Le pétrole irakien n’est pas l’enjeu

Il est lassant de lire à longueur d’articles des insatiables commentaires sur les non-dits des intérêts américains, mais les mêmes ne dissertent guère sur les objectifs des Saddam et autres Ben Laden. Comme si ces derniers étaient inexistants ou purement artificiels.
Et les commentaires sont si intarissables sur les besoins en pétrole des USA, de l’Occident, quoique que peu diserts quant au reste, qu'il serait néanmoins tentant de les prendre au mot.
Si en effet il ne s’agit que de pétrole, il fallait dans ce cas laisser l’Irak envahir le Koweït puis l’Arabie Saoudite en 1991. Il en aurait résulté un prix unifié du baril saoudi-koweïto-irakien, et donc un moindre coût d’extraction à terme par effet d’échelle. Pourquoi les Américains n’y ont-il pas pensé ?

Par ailleurs, il suffirait que ceux-là acceptent que les sanctions contre l’Irak soient levées pour que, à terme, Saddam vende le pétrole aux compagnies pétrolières américaines et britanniques. Pourquoi les Américains ne le font pas ?
Parce qu’il n’y a pas que le problème de la maîtrise des ressources en politique, surtout en matière géostratégique.

Il existe des faits, réels, et non pas spéculatifs, et ils ont trait à la volonté de puissance de certains dirigeants arabes qui préfèrent une logique de guerre pour effacer le retard économique et technologique de plus en plus grand pris par leurs pays. Or le temps presse. Le déploiement mondial des désirs de plus en plus individualisés que des techniques de plus en plus sophistiquées tentent de satisfaire, craquèlent de plus en plus les sociétés fermées qui, telles les espèces les entreprises les institutions incapables de muter, glissent imperceptiblement vers la disparition.
C’est là l’enjeu principal. Soit les dirigeants de ces pays arabes font leur aggiornamento et vont franchement vers la démocratie, soit ces dirigeants enfoncent de plus en plus leurs pays dans la gabegie et le sous-développement. Or la politique suicidaire d’Hussein et de Ben Laden n’en fait qu’accélérer les termes puisque, en retour, la seule issue à leur montée aux extrêmes résidera dans leur destruction absolue et irréversible. Hitler et Hiro-Hito n’avaient rien voulu savoir. À qui le tour ?
Mais loin de ces considérations nos doctes stratèges expliqueront que les Américains étaient seulement venus mourir sur les plages de Normandie pour arracher le marché européen des griffes du concurrent nazi. Ce n'est pas si sûr. Hitler n’était pas, du tout, contre l’existence d’un capitalisme européen dominé par l’Allemagne. Les USA auraient même trouvé un marché unique avant la lettre permettant d’écouler plus massivement leurs marchandises.
Hitler n'avait pas l'argent comme but.
Quand cessera-t-on de penser que seul l’argent mène le monde alors que les soifs de pouvoir et de prestige sont tout aussi enivrantes ? Saddam et Ben Laden ont l’argent. Ils leur manquent le pouvoir.
Comment peut-on encore s’obstiner à penser que la volonté de dominer ne peut être qu’occidentale ? Comment ne pas observer que pour maintenir sous le joug et dans l’ignorance les femmes et les jeunes qui ruent dans les brancards certains dirigeants arabes sont prêts à jeter leurs peuples dans leur néant ?

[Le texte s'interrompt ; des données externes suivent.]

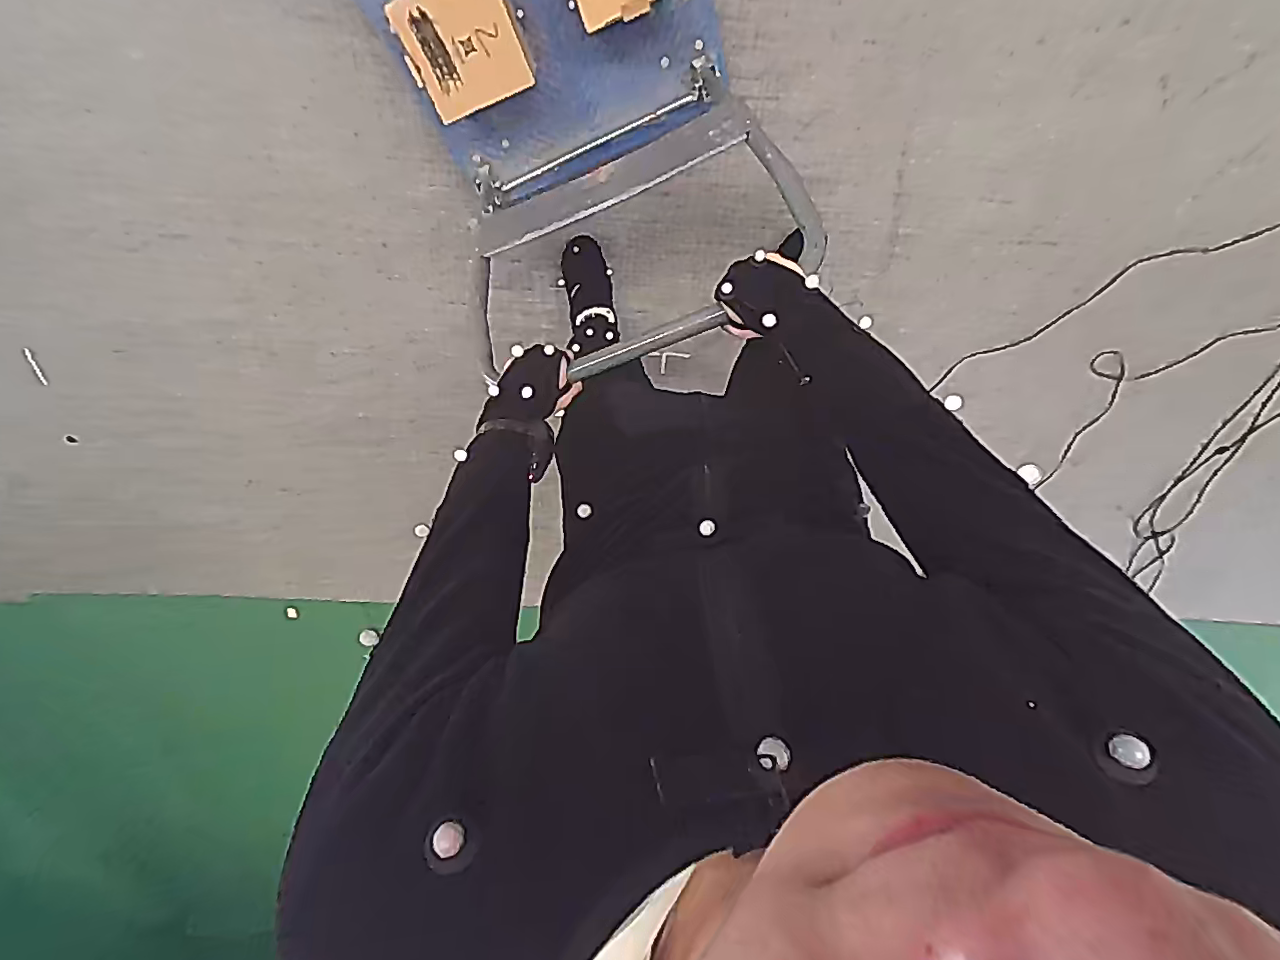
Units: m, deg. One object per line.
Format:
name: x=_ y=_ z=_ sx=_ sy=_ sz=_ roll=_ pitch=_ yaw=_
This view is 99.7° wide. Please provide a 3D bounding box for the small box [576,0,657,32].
small box: x=-0.045 y=-0.855 z=0.850 sx=0.168 sy=0.176 sz=0.179 roll=-20 pitch=137 yaw=10
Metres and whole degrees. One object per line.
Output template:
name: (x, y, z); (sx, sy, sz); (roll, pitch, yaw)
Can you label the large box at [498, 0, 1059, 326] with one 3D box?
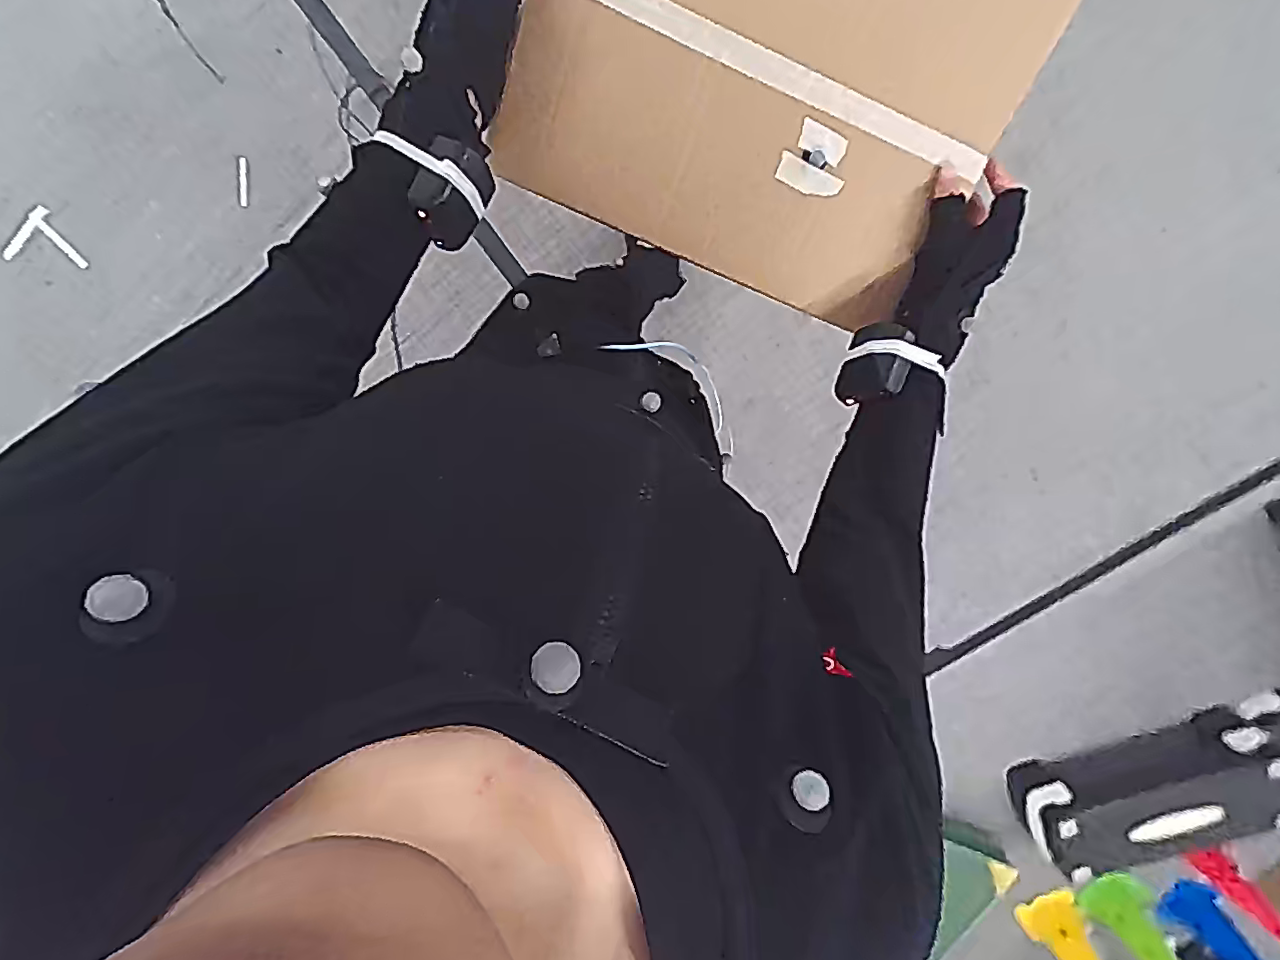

Pourquoi en Europe, et particulièrement en Allemagne et en France, des intellectuels et des politiques s’obstinent à tromper l’opinion en ne voyant le mal que d’un seul côté : l’Amérique ?
N’est-ce pas précisément ce que l’on reproche à celle-là ? Ne voit-on pas qu’en persistant à noircir les raisons américaines et britanniques et à blanchir les raisons d’Hussein et de Ben Laden, l’on persiste dans le simplisme qui ne réussira à calmer ni les uns ni les autres ? La misère et la faim dans le monde sont bien plus les résultats des dictatures que des démocraties.

Comment se fait-il par exemple que les Kurdes en Irak, qui bénéficient du programme « pétrole contre nourriture », commencent non seulement à survivre, mais se développent tandis que les irakiens restant sous le joug de Saddam s’appauvrissent ? Pourquoi? N’est-ce pas parce que les Kurdes utilisent l’argent du pétrole à bon escient et non à des fins obscures et aventuristes ?

Mais au fond à quoi bon argumenter quand le désir de (se) tromper est le plus fort et, surtout, reste un bon moyen pour défendre des positions de pouvoir et de prestige, deux biens si prisés... en France et en Allemagne.